なんと“ボンボン派”でおなじみのオタ友だちの家にパソコンが導入されたという速報だった! 放課後、彼女の家にパソコンを見に行く約束を取りつけ、帰宅するやいなや、私は秒で家を飛び出した。うちから彼女の家までは、塀を1枚乗り越えるだけというバツグンのアクセスの良さ! 早く検索したい思いで私は塀を乗り越え、手のひらにブロック塀の痕をつけたままクラスいち遅い足でバタバタと彼女のもとへ走った。

「パソコンは!!??」

 ひとんちにもかかわらず、ムダにでかい声がでてしまう。まぁまぁ、ちょうど起動しているよ、と落ち着いた様子で友達は案内してくれた。さすがだ……家にパソコンがある人は落ち着いている……。テクノロジーが人の心までも大きくさせる。新時代って感じだ。いいなぁ羨ましいなぁああ!! 緊張しながら通された部屋には、学校にあるパソコンと同じブラウン管に灰色の存在感のあるマシンが、専用のラックにどっしりと構えていた。おぉ……!!

「ねぇ、ちょっと検索したいことがあるんだけど……」

 激しい検索欲を引かれないようマイルドにして伝えると、彼女はサッパリと答えた。

「あぁ、これまだインターネットに繋がってないの」





 じゃあこのパソコンは今に使ってるのと聞くと、絵を描いているよ、と、慣れた様子でプロパティからペイントを開いて見せてくれた。
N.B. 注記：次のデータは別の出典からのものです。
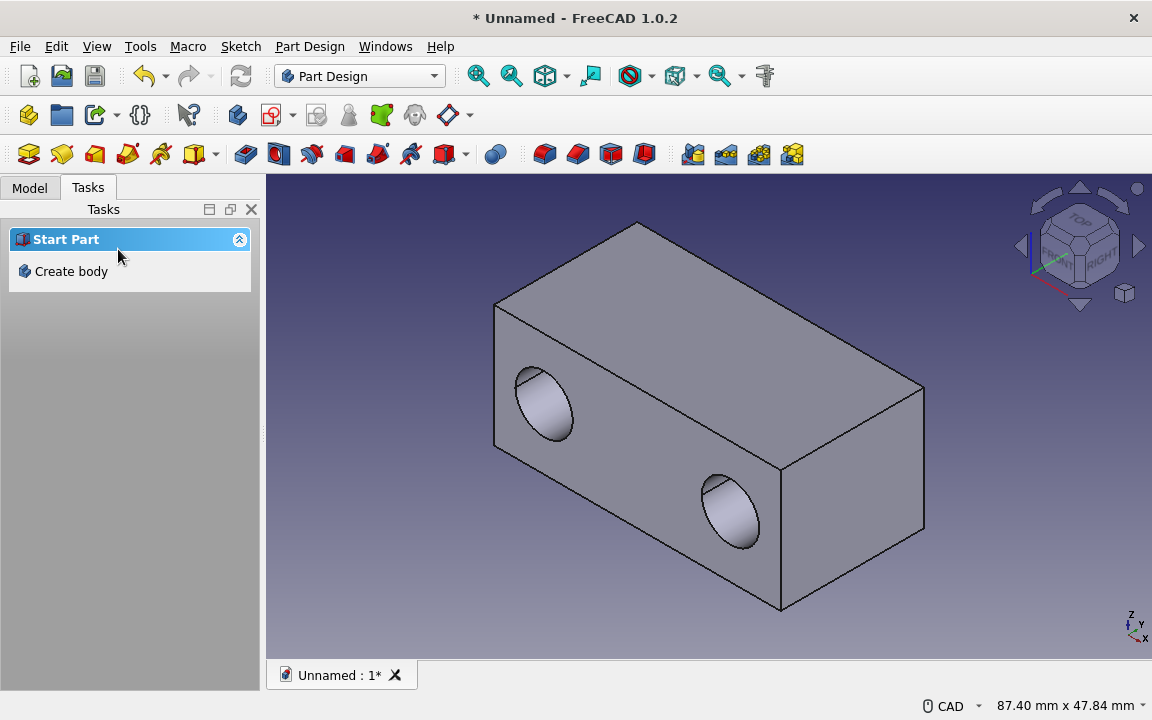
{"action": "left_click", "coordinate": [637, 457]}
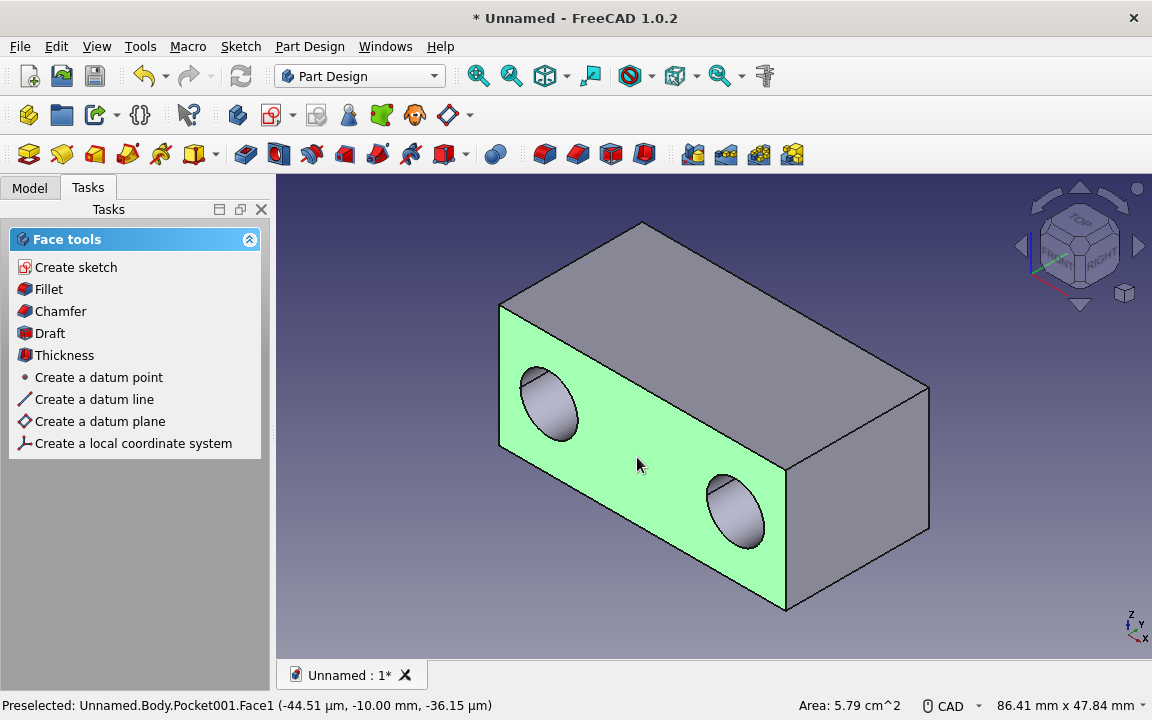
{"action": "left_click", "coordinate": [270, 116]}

 うん、まぁ、すごいんだけどさ、絵なら昼間も一緒にノートに描いたじゃない。いつも紙に描いてるじゃない。ネット繋ごうよ、ネット……。押しかけておいてまぁまぁガッカリな表情で彼女のペイントの進捗を聞く。うんうん、ドットで絵を描くなんてすごいよね。私なんてせいぜいマリオのピクロスでキノコを描くことくらいしかできないよ。へぇ、バケツで塗り潰しが出来るんだね、すごいね。でもごめん……、私は検索がしたいのだよ……。

 しばらくして、またもビッグニュースが舞い込む。

 学年が1つ下のかわいい子の家に、パソコンが導入されたというのだ。おいおい、またネットに繋がってないってオチなんじゃないのか? ネットに繋がってないパソコンなんて、ただのブラウン管だよ? テレビも映らないしビデオも再生出来ないし……。ふうん、と疑いの目で速報を聞いていると、なんと、ちゃんとネットに繋がっていることが明らかになり私の態度は一変する。

「ねぇ、今日家に行ってもいい?」

 一度も遊びに行ったことがない年下の女の子の家に突然お邪魔しようとするなんて、検索欲は私のコミュ力までも改変させてしまうのだろうか。こんなに積極的に人の家に行こうとしたことはこの時以来一度もない。別にいいよ、と彼女は快く承諾してくれた。

 帰宅後、潮風で錆つき、もはや元々のピンク色だった頃の記憶をチャリ本人も忘れているに違いない肌触りの悪い自転車を飛ばして、パソコン少女の家へと向かう。

「パソコンは!!??」

 またも緊迫した表情で家へと押しかける。こっちだよ、と案内されると、そこにはYahoo!の検索画面が表示されたパソコンが!!! 繋がってる!! ネットに繋がってる!! もうその時点で勝ったも同然。感極まった私は検索の許可を彼女にとった。どうぞご自由に、とキーボード前の特等席を私に譲ってくれた。よし……、ついに検索のときがきた……!カタカタ……!

『ワンピース』

 検索!ぽち!

 そう、私が調べたかったのは漫画「ONE PIECE」について……! 大ハマりしている中、小学生の考察ではもう満足出来ず、とにかく情報が欲しかったのだ。そして出た検索結果!!

『ワンピース。女性の衣類。上下が繋がっているもの。』

 えっ、違う違う、そうじゃない……。少しスクロールしてみても洋服のワンピースのことばかり。うーん……。あ、そうか! ワンピースはカタカナじゃない! アルファベットが正式タイトルだ! 覚えてるよ! スペル! SBSでもタイトルのスペルについて触れてたし!カタカタ……。

『ONE PIECE』

 よし、今度こそ完璧! 検索! ポチ!!

『検索結果は0件です』

 はぁ……? いやいや、え? ないの? ONE PIECEの情報。念のためもう一度打ち込んで検索にかける。結果は同じであった。はぁーー!? ないの!? インターネットよ、知らんのか!? 尾田栄一郎先生の神作をよぉ!? ONE PIECEも分からんのか! インターネットよ……!!

 ありがとう、とパソコン少女にお礼を告げ、そのまま自転車に乗った。まだ時代がオタクの欲求に追いついていない……。科学がオタクに追いつく時代はくるのか。少しセンチメンタルになりながら、一番海沿いの道を通って私は帰ったのだった。おわり。